I think the opposition is trying to play a geopolitical football game as it used to when they were in government. The opposition has no agenda. They have no foreign policy. They have no engagement with any international friendship. They don’t have what it takes to be engaged internationally. That is what we saw during their presidency. They left the commonwealth. They severed diplomatic relations with countries. They fell out with all the neighbours. Everyone. All because they were trying to play one against the other.

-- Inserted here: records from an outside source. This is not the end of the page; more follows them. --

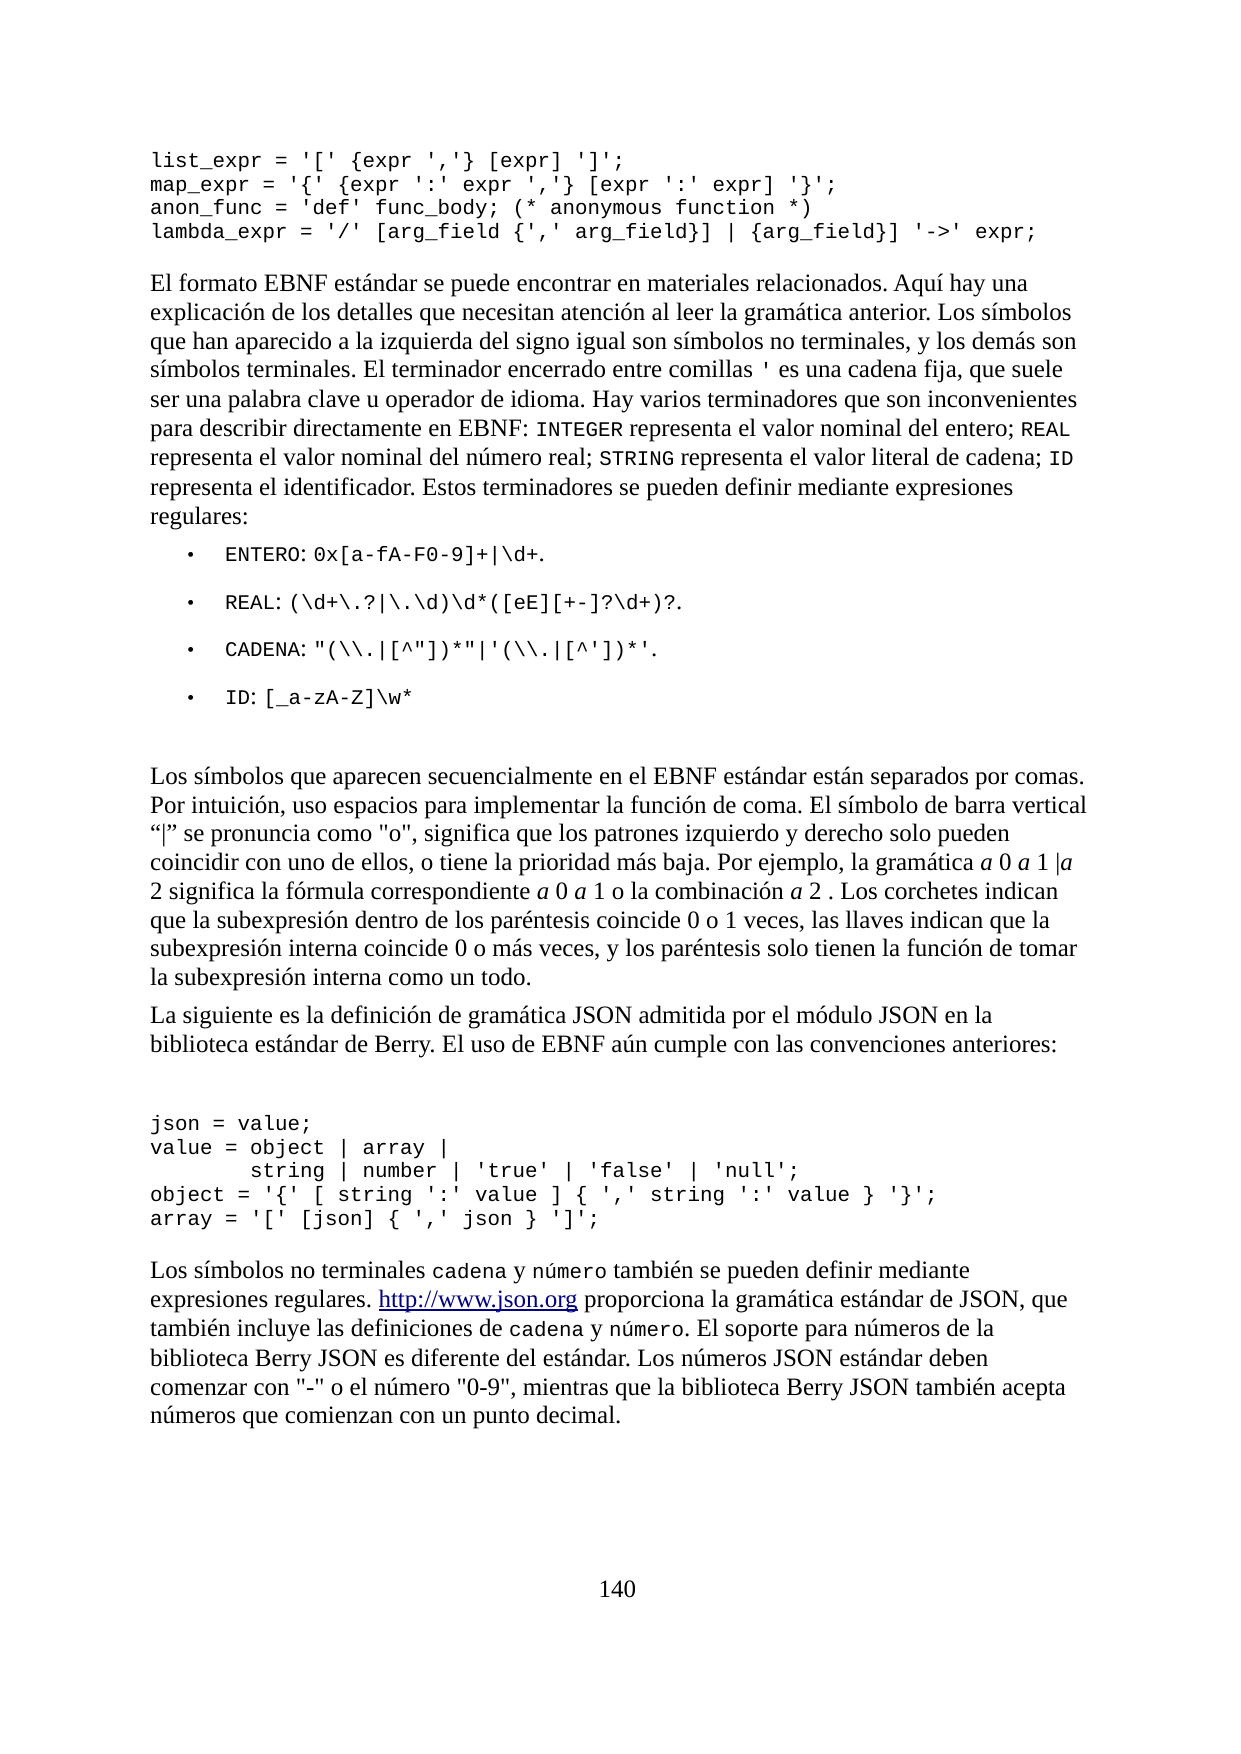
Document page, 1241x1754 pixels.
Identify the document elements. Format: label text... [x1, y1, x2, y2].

text map_expr = '{' {expr ':' expr ','} [expr ':' expr] '}'; [150, 174, 1090, 197]
text array = '[' [json] { ',' json } ']'; [150, 1208, 1090, 1231]
text Los símbolos que aparecen secuencialmente en el EBNF estándar están separados por comas. Por intuición, uso espacios para implementar la función de coma. El símbolo de barra vertical “|” se pronuncia como "o", significa que los patrones izquierdo y derecho solo pueden coincidir con uno de ellos, o tiene la prioridad más baja. Por ejemplo, la gramática a 0 a 1 |a 2 significa la fórmula correspondiente a 0 a 1 o la combinación a 2 . Los corchetes indican que la subexpresión dentro de los paréntesis coincide 0 o 1 veces, las llaves indican que la subexpresión interna coincide 0 o más veces, y los paréntesis solo tienen la función de tomar la subexpresión interna como un todo. [150, 761, 1090, 991]
text anon_func = 'def' func_body; (* anonymous function *) [150, 197, 1090, 221]
text list_expr = '[' {expr ','} [expr] ']'; [150, 150, 1090, 174]
text Los símbolos no terminales cadena y número también se pueden definir mediante expresiones regulares. http://www.json.org proporciona la gramática estándar de JSON, que también incluye las definiciones de cadena y número. El soporte para números de la biblioteca Berry JSON es diferente del estándar. Los números JSON estándar deben comenzar con "-" o el número "0-9", mientras que la biblioteca Berry JSON también acepta números que comienzan con un punto decimal. [150, 1255, 1090, 1429]
list REAL: (\d+\.?|\.\d)\d*([eE][+-]?\d+)?. [187, 586, 1090, 616]
text value = object | array | [150, 1137, 1090, 1160]
text json = value; [150, 1113, 1090, 1137]
list ID: [_a-zA-Z]\w* [187, 681, 1090, 711]
text El formato EBNF estándar se puede encontrar en materiales relacionados. Aquí hay una explicación de los detalles que necesitan atención al leer la gramática anterior. Los símbolos que han aparecido a la izquierda del signo igual son símbolos no terminales, y los demás son símbolos terminales. El terminador encerrado entre comillas ' es una cadena fija, que suele ser una palabra clave u operador de idioma. Hay varios terminadores que son inconvenientes para describir directamente en EBNF: INTEGER representa el valor nominal del entero; REAL representa el valor nominal del número real; STRING representa el valor literal de cadena; ID representa el identificador. Estos terminadores se pueden definir mediante expresiones regulares: [150, 268, 1090, 529]
text lambda_expr = '/' [arg_field {',' arg_field}] | {arg_field}] '->' expr; [150, 221, 1090, 244]
list CADENA: "(\\.|[^"])*"|'(\\.|[^'])*'. [187, 633, 1090, 663]
text string | number | 'true' | 'false' | 'null'; [150, 1160, 1090, 1184]
text La siguiente es la definición de gramática JSON admitida por el módulo JSON en la biblioteca estándar de Berry. El uso de EBNF aún cumple con las convenciones anteriores: [150, 1000, 1090, 1057]
text object = '{' [ string ':' value ] { ',' string ':' value } '}'; [150, 1184, 1090, 1208]
list ENTERO: 0x[a-fA-F0-9]+|\d+. [187, 538, 1090, 568]

That is the same game that they are playing when they are in opposition as well. They should stop it and not try to play friends against each other. For the current government, we only have friends. We don’t have enemies.
We have a special relationship with India, as India has come to our assistance every time and every difficulty that the country has faced. Most recently, with the COVID-19 pandemic, within 48 hours of the Indian vaccine rollout in India, the vaccine reached Maldivian shores.
All this is there because we work closely with all the countries. We have got vaccines from India. We have got vaccines from China. We are friends with everyone. But, the opposition has no policies. The only thing they can do is play one against each other – and they have failed at that too.
Do you think that the Maldives government’s decision making on the Indian consulate proposal will be impacted by these political considerations?
I think when you bring it down to that very narrow level of decision making, that does not fit the relationship that we have with India. We will not let anybody play destructive politics when it comes to relationship with either India or any other country. We will engage with all countries.